I've done more reading about sociopaths and it would seem that my son pretty much fits all the criteria which is sad but helpful for me. I can stop expecting him to ever behave like a normal human being. He operates without empathy or remorse and I will stop expecting that. He doesn't follow rules, not even court ordered rules and that's not going to change either. He always manipulates and will use whatever is at hand to manipulate people with. Children are not loved for themselves but rather because they are possesions. Knowing this makes it easier for me to be a hardass with him. He won't love me less, he can't really love anyone and it's not my fault. He is what he is and that won't change. It's sad but it's also true.
The honeymoon with his wife is also over. He's been abusing her and they've split up mutiple times but she's having a hard time getting rid of him. Lies, charm and promises. He needs a wife and a house to succeed in court so he will hang onto his wife as long as is possible. I feel so bad for her but she is an adult and chose him.
And so life goes on. I'm in the middle of painting and setting up a sewing room for quilting downstairs in the basement which we never use, partly because I'm bored and partly because it will be nice to set up my sewing machine and not have to put everything away when we have a meal in the dining room.

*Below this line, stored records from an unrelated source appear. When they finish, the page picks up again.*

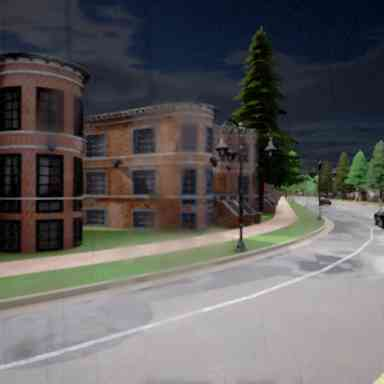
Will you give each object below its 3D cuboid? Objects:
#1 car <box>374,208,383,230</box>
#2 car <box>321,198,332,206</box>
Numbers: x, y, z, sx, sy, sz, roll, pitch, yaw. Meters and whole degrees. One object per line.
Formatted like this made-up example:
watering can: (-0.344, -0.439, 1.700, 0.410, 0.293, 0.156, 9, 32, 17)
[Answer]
car: (13.013, 1.697, 21.408, 1.895, 1.301, 4.718, 0, 0, 23)
car: (24.709, 1.857, 61.619, 1.895, 1.301, 4.718, 0, 0, 15)
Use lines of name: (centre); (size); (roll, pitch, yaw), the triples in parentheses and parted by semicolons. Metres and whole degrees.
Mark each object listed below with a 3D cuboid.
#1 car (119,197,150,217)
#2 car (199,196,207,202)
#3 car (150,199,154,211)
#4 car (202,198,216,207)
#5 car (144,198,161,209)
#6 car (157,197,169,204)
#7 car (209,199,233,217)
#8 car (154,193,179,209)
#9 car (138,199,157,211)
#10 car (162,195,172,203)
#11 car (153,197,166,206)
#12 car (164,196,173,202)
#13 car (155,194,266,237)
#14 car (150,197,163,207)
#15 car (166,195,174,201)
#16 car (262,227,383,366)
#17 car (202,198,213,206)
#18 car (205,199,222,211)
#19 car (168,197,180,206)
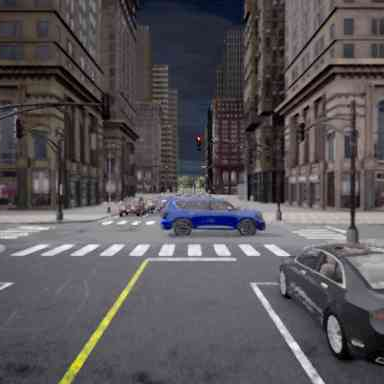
car: (-5.784, 1.403, 32.636); (2.192, 1.841, 5.009); (-1, 0, 0)
car: (2.737, 1.693, 82.511); (1.802, 1.307, 4.206); (-1, 0, 0)
car: (-5.782, 1.623, 38.006); (1.752, 1.417, 4.829); (-1, 0, 0)
car: (2.741, 1.685, 54.807); (1.947, 1.339, 4.313); (-1, 0, 0)
car: (-5.783, 1.680, 49.257); (1.947, 1.339, 4.313); (-1, 0, 0)
car: (-5.786, 1.692, 65.881); (1.947, 1.339, 4.313); (-1, 0, 0)
car: (2.743, 1.527, 32.646); (1.967, 1.590, 4.097); (-1, 0, 0)
car: (-3.098, 1.325, 41.062); (2.150, 2.045, 5.566); (0, 0, 0)
car: (-5.783, 1.631, 43.547); (1.752, 1.417, 4.829); (-1, 0, 0)
car: (-5.789, 1.560, 76.963); (1.967, 1.590, 4.097); (-1, 0, 0)
car: (-5.785, 1.690, 60.339); (1.947, 1.339, 4.313); (-1, 0, 0)
car: (-5.788, 1.694, 82.505); (1.802, 1.307, 4.206); (-1, 0, 0)
car: (1.054, 1.306, 17.793); (5.566, 2.045, 2.150); (0, 0, 0)
car: (-5.785, 1.644, 54.628); (1.752, 1.417, 4.829); (-1, 0, 0)
car: (-5.790, 1.626, 87.876); (1.752, 1.417, 4.829); (-1, 0, 0)
car: (2.750, 1.569, 5.807); (2.008, 1.369, 4.403); (-1, 0, 0)
car: (2.740, 1.705, 60.348); (1.802, 1.307, 4.206); (-1, 0, 0)
car: (2.743, 1.672, 43.727); (1.947, 1.339, 4.313); (-1, 0, 0)
car: (-3.059, 1.627, 58.260); (1.837, 1.490, 4.892); (0, 0, 1)
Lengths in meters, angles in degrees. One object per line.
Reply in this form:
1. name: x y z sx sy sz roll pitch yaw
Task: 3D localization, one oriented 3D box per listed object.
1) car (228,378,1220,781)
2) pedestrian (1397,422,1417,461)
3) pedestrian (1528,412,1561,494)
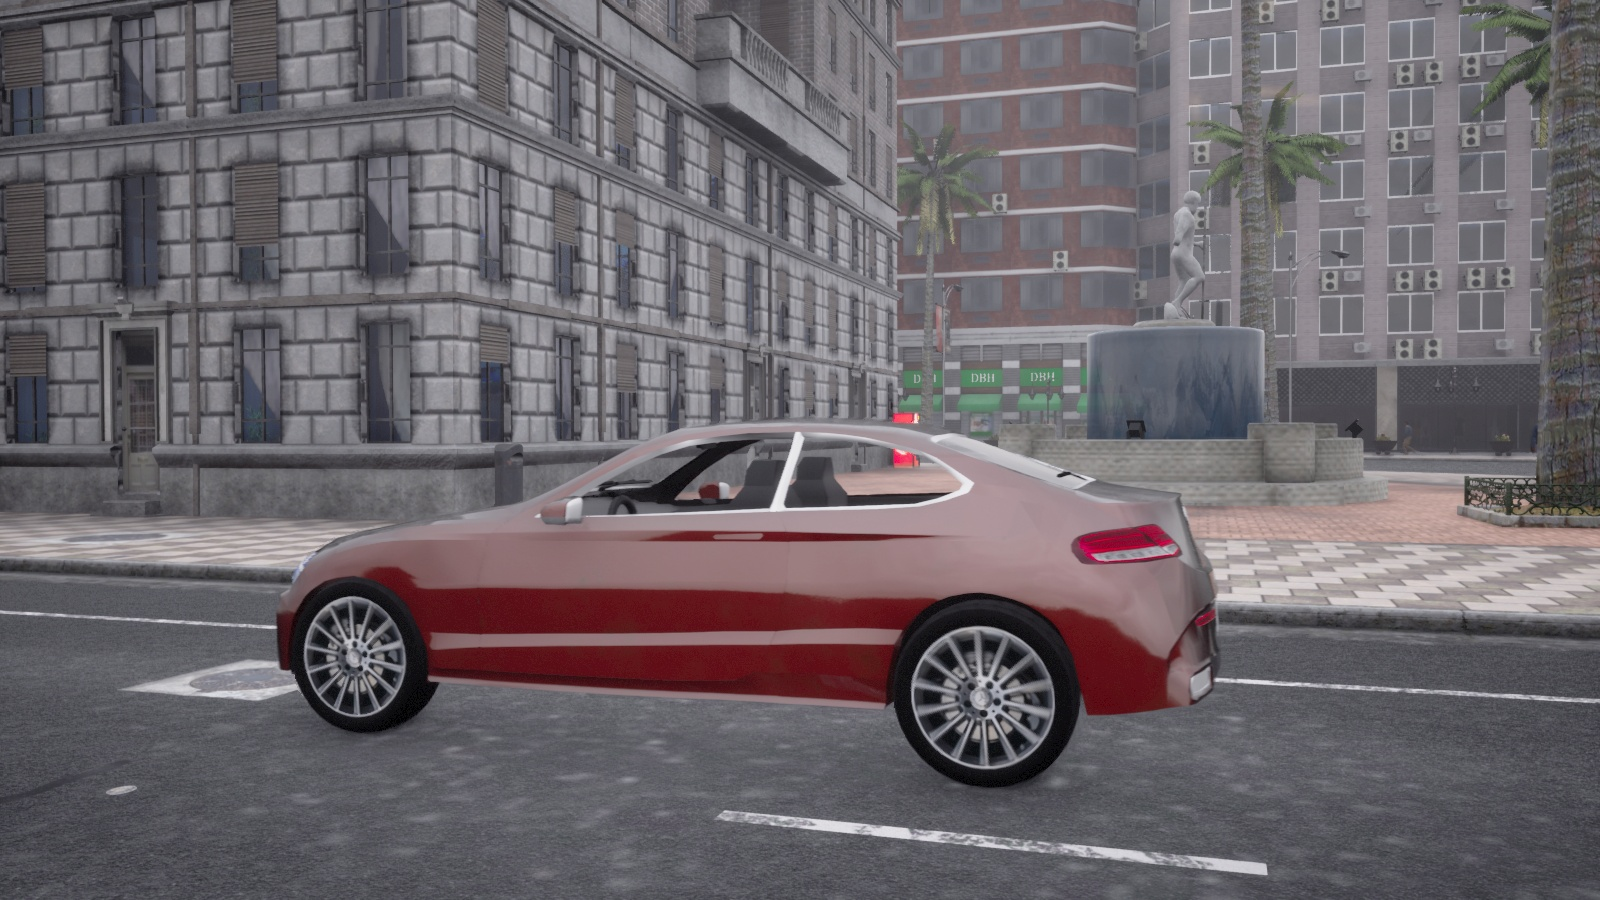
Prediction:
1. car: -0.337 0.493 6.947 5.027 1.651 2.152 1 1 18
2. pedestrian: 30.606 -0.416 63.323 0.788 1.949 0.423 1 1 43
3. pedestrian: 17.908 0.067 30.210 0.423 1.949 0.788 0 1 10
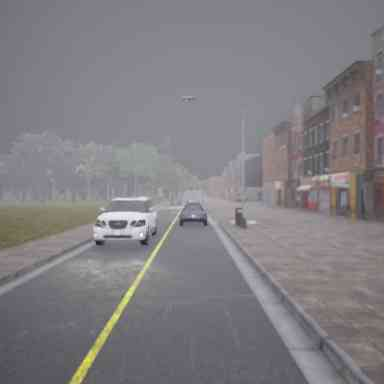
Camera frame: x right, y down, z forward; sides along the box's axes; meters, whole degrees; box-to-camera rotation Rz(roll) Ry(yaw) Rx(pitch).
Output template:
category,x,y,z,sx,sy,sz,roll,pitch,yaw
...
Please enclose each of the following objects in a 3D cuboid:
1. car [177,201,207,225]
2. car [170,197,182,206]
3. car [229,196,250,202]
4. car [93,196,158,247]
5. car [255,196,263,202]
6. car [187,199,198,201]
category,x,y,z,sx,sy,sz,roll,pitch,yaw
car,0.097,1.591,24.497,1.994,1.385,4.181,0,0,0
car,-2.761,1.683,58.728,2.128,1.511,4.902,0,-1,0
car,10.419,1.562,72.959,4.403,1.369,2.008,-1,1,0
car,-2.852,1.226,15.492,2.150,2.045,5.566,0,0,0
car,15.951,1.474,72.958,4.206,1.307,1.802,-1,1,0
car,0.088,1.601,42.555,1.812,1.442,4.674,0,0,0
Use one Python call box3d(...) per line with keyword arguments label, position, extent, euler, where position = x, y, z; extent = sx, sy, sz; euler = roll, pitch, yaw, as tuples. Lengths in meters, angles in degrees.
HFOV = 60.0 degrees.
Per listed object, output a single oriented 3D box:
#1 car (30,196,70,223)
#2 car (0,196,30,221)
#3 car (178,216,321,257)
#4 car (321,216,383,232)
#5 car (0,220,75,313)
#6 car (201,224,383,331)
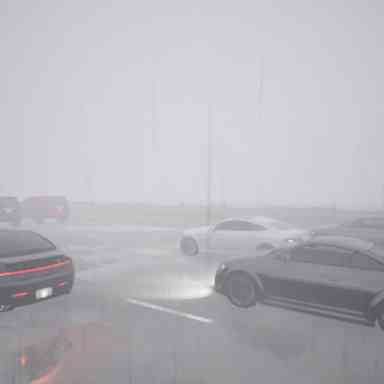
box3d(label="car", position=(-11.510, 1.301, 25.091), extent=(5.566, 2.045, 2.150), euler=(0, 0, 35))
box3d(label="car", position=(-13.546, 1.302, 22.244), extent=(5.566, 2.045, 2.150), euler=(0, 0, 35))
box3d(label="car", position=(1.675, 1.543, 11.377), extent=(4.674, 1.442, 1.812), euler=(0, 0, 35))
box3d(label="car", position=(6.494, 1.569, 12.256), extent=(4.181, 1.385, 1.994), euler=(0, 0, 35))
box3d(label="car", position=(-4.568, 1.531, 7.248), extent=(4.892, 1.490, 1.837), euler=(0, 0, 35))
box3d(label="car", position=(2.522, 1.569, 6.491), extent=(4.181, 1.385, 1.994), euler=(0, 0, 35))
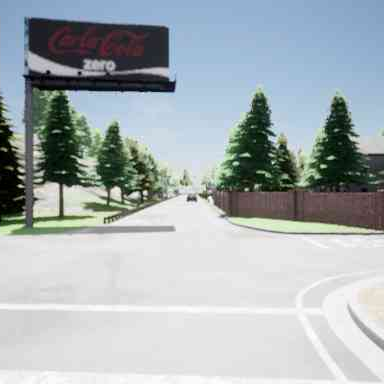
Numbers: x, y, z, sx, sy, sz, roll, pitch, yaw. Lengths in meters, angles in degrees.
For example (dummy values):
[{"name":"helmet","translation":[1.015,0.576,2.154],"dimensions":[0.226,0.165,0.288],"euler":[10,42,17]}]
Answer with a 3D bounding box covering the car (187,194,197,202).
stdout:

I bought a cheap table and repainted it. I bought paint for the ceiling and walls as well and that will make the space bright and fresh. I have a radio down there and all will be well. My next quilt is a quilt for the little guy's bed. I've already started cutting it out and hope to get it done before he's sleeping in a bed.
And I'm kind of burned out, with work and with taking care of the little guy. I'll have to figure out how to do things differently because I can't carry on like this.